◆ INFORMATION PROVIDED ◆
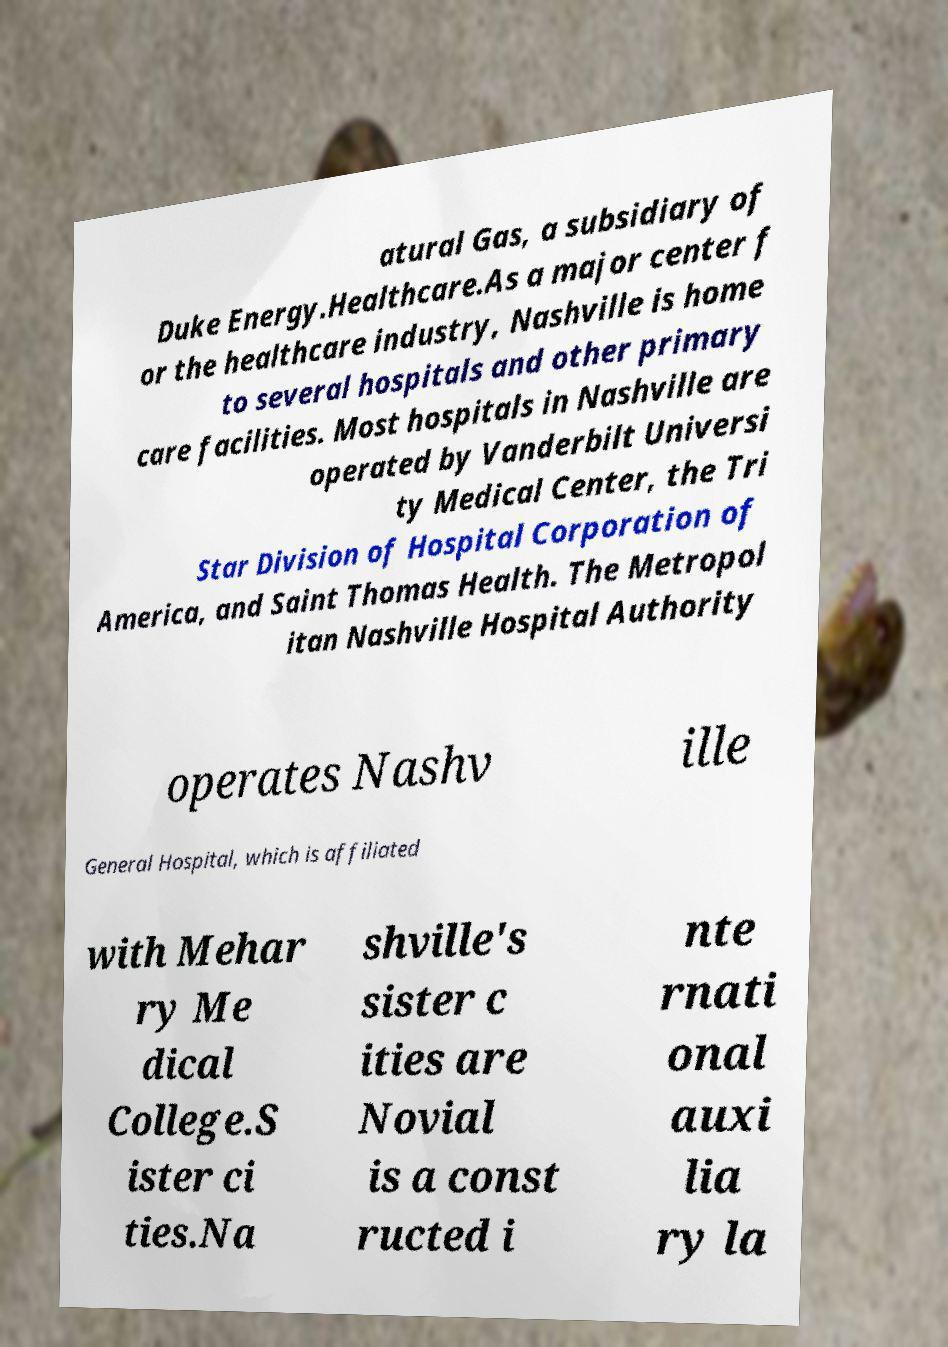What messages or text are displayed in this image? I need them in a readable, typed format. atural Gas, a subsidiary of Duke Energy.Healthcare.As a major center f or the healthcare industry, Nashville is home to several hospitals and other primary care facilities. Most hospitals in Nashville are operated by Vanderbilt Universi ty Medical Center, the Tri Star Division of Hospital Corporation of America, and Saint Thomas Health. The Metropol itan Nashville Hospital Authority operates Nashv ille General Hospital, which is affiliated with Mehar ry Me dical College.S ister ci ties.Na shville's sister c ities are Novial is a const ructed i nte rnati onal auxi lia ry la 
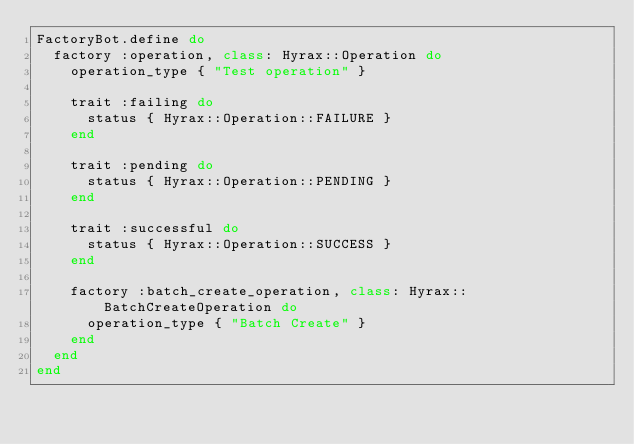<code> <loc_0><loc_0><loc_500><loc_500><_Ruby_>FactoryBot.define do
  factory :operation, class: Hyrax::Operation do
    operation_type { "Test operation" }

    trait :failing do
      status { Hyrax::Operation::FAILURE }
    end

    trait :pending do
      status { Hyrax::Operation::PENDING }
    end

    trait :successful do
      status { Hyrax::Operation::SUCCESS }
    end

    factory :batch_create_operation, class: Hyrax::BatchCreateOperation do
      operation_type { "Batch Create" }
    end
  end
end
</code> 
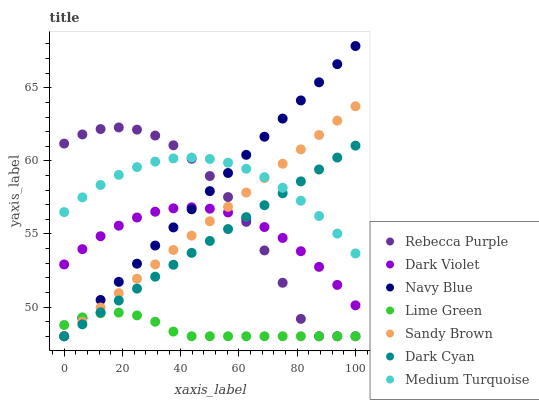Does Lime Green have the minimum area under the curve?
Answer yes or no. Yes. Does Medium Turquoise have the maximum area under the curve?
Answer yes or no. Yes. Does Dark Violet have the minimum area under the curve?
Answer yes or no. No. Does Dark Violet have the maximum area under the curve?
Answer yes or no. No. Is Sandy Brown the smoothest?
Answer yes or no. Yes. Is Rebecca Purple the roughest?
Answer yes or no. Yes. Is Dark Violet the smoothest?
Answer yes or no. No. Is Dark Violet the roughest?
Answer yes or no. No. Does Navy Blue have the lowest value?
Answer yes or no. Yes. Does Dark Violet have the lowest value?
Answer yes or no. No. Does Navy Blue have the highest value?
Answer yes or no. Yes. Does Dark Violet have the highest value?
Answer yes or no. No. Is Lime Green less than Dark Violet?
Answer yes or no. Yes. Is Medium Turquoise greater than Lime Green?
Answer yes or no. Yes. Does Rebecca Purple intersect Dark Cyan?
Answer yes or no. Yes. Is Rebecca Purple less than Dark Cyan?
Answer yes or no. No. Is Rebecca Purple greater than Dark Cyan?
Answer yes or no. No. Does Lime Green intersect Dark Violet?
Answer yes or no. No. 
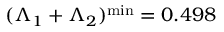Convert formula to latex. <formula><loc_0><loc_0><loc_500><loc_500>( \Lambda _ { 1 } + \Lambda _ { 2 } ) ^ { \min } = 0 . 4 9 8</formula> 
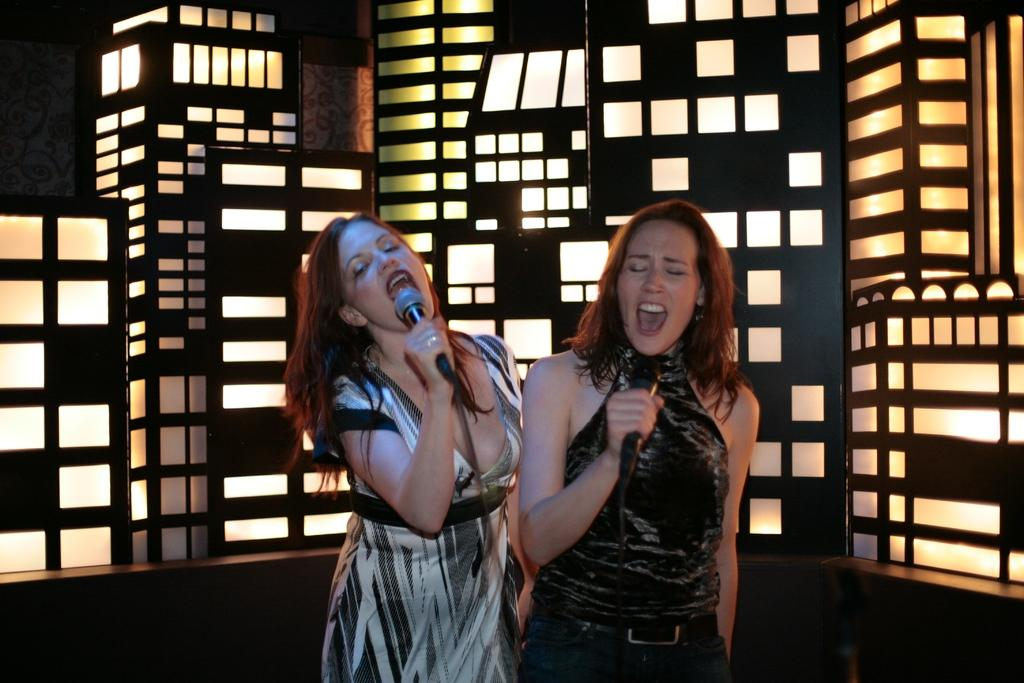How many people are in the image? There are two women in the image. What are the women wearing? The women are wearing clothes. What are the women holding in their hands? The women are holding microphones. What activity are the women engaged in? The women are singing. What can be seen in the image that provides illumination? There is a light visible in the image. Can you see a quill being used by one of the women in the image? No, there is no quill present in the image. How does the orange contribute to the performance in the image? There is no orange present in the image, so it cannot contribute to the performance. 
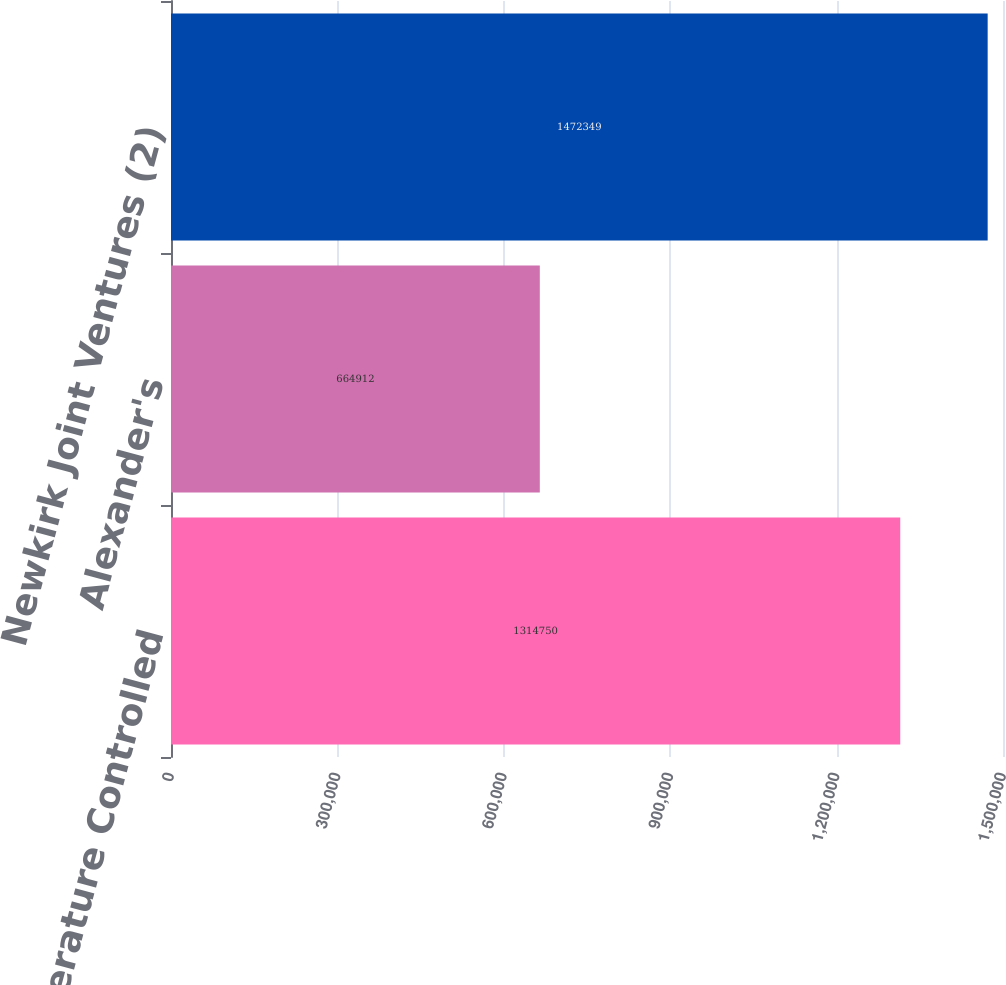<chart> <loc_0><loc_0><loc_500><loc_500><bar_chart><fcel>Temperature Controlled<fcel>Alexander's<fcel>Newkirk Joint Ventures (2)<nl><fcel>1.31475e+06<fcel>664912<fcel>1.47235e+06<nl></chart> 
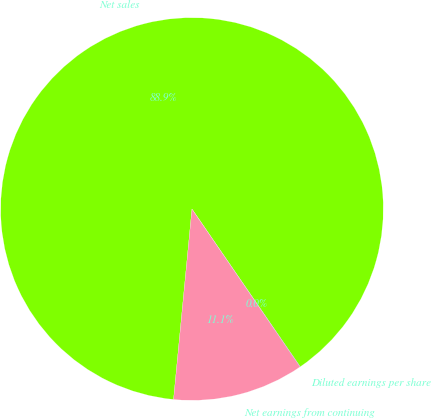Convert chart. <chart><loc_0><loc_0><loc_500><loc_500><pie_chart><fcel>Net sales<fcel>Net earnings from continuing<fcel>Diluted earnings per share<nl><fcel>88.89%<fcel>11.09%<fcel>0.02%<nl></chart> 
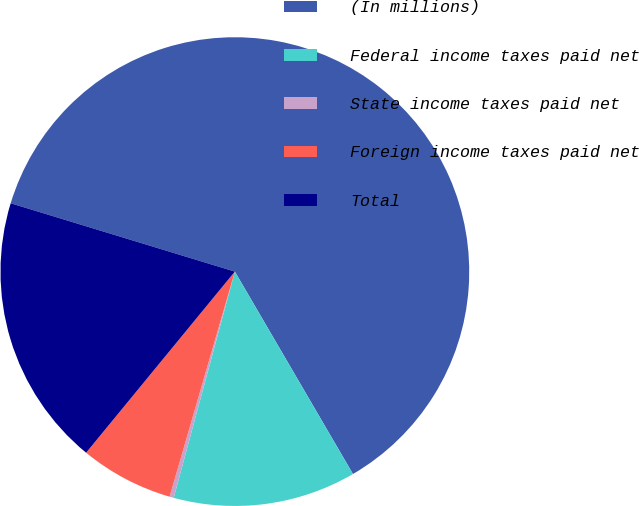Convert chart. <chart><loc_0><loc_0><loc_500><loc_500><pie_chart><fcel>(In millions)<fcel>Federal income taxes paid net<fcel>State income taxes paid net<fcel>Foreign income taxes paid net<fcel>Total<nl><fcel>61.89%<fcel>12.61%<fcel>0.29%<fcel>6.45%<fcel>18.77%<nl></chart> 
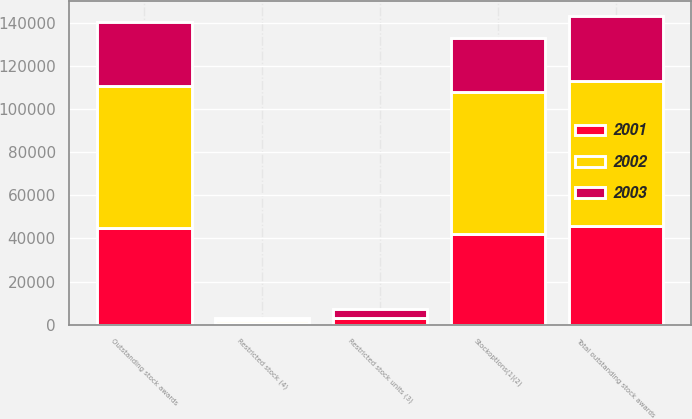<chart> <loc_0><loc_0><loc_500><loc_500><stacked_bar_chart><ecel><fcel>Stockoptions(1)(2)<fcel>Restricted stock units (3)<fcel>Outstanding stock awards<fcel>Restricted stock (4)<fcel>Total outstanding stock awards<nl><fcel>2003<fcel>24961<fcel>4410<fcel>29371<fcel>790<fcel>30161<nl><fcel>2001<fcel>42005<fcel>2935<fcel>44940<fcel>1011<fcel>45951<nl><fcel>2002<fcel>65950<fcel>20<fcel>65970<fcel>1113<fcel>67083<nl></chart> 
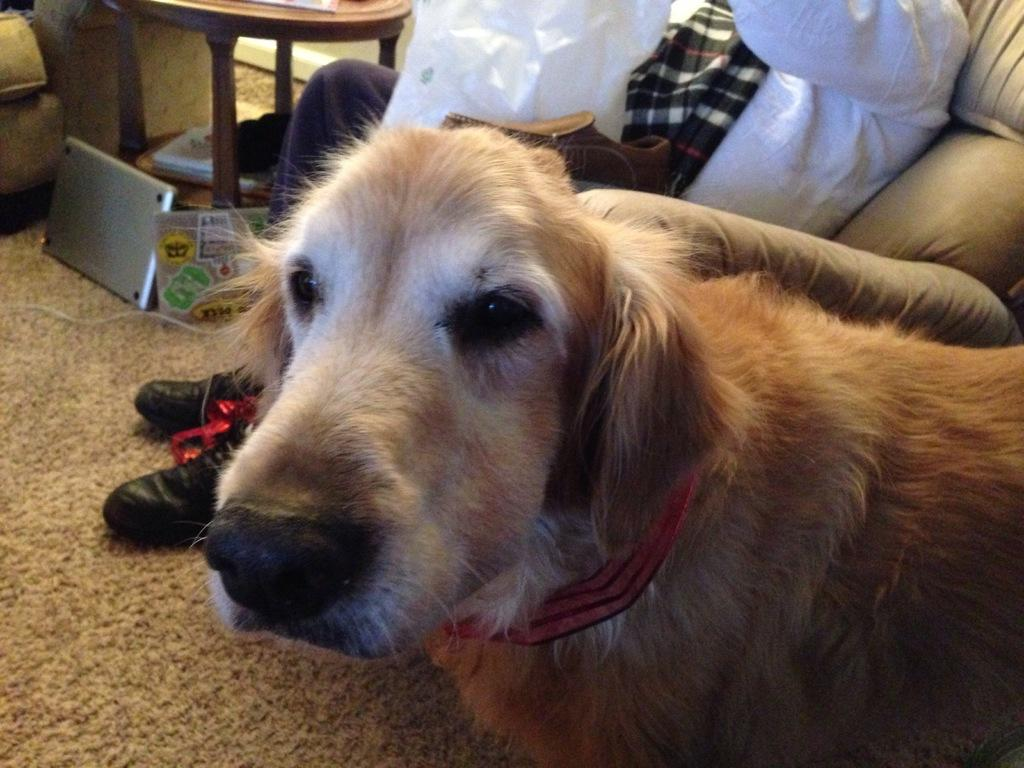What is the main subject in the foreground of the image? There is a dog in the foreground of the image. What can be seen in the background of the image? There is a person, a laptop, a stool, and other objects in the background of the image. Can you describe the person in the background? The person is not described in the provided facts, so we cannot provide any details about them. What is the price of the laptop in the image? The price of the laptop is not mentioned in the provided facts, so we cannot provide any information about it. Can you describe the secretary in the image? There is no mention of a secretary in the provided facts, so we cannot provide any information about them. 
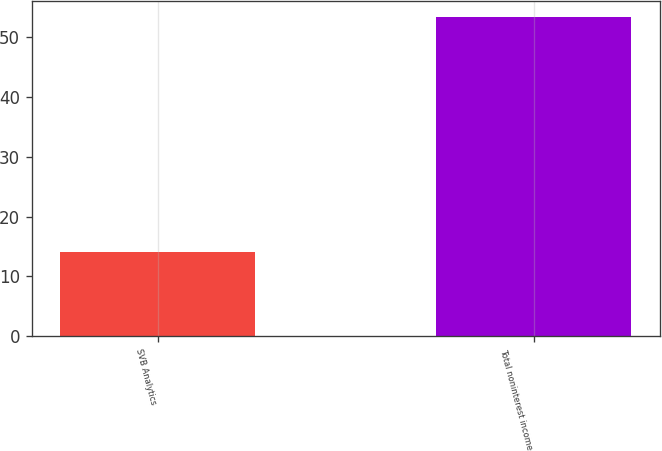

◆ PROBLEM ◆
Return every line from the entries that holds the string "highest".

◆ PROBLEM SOLUTION ◆
Answer yes or no. No. Does Navy Blue have the highest value?
Answer yes or no. Yes. Does Dark Violet have the highest value?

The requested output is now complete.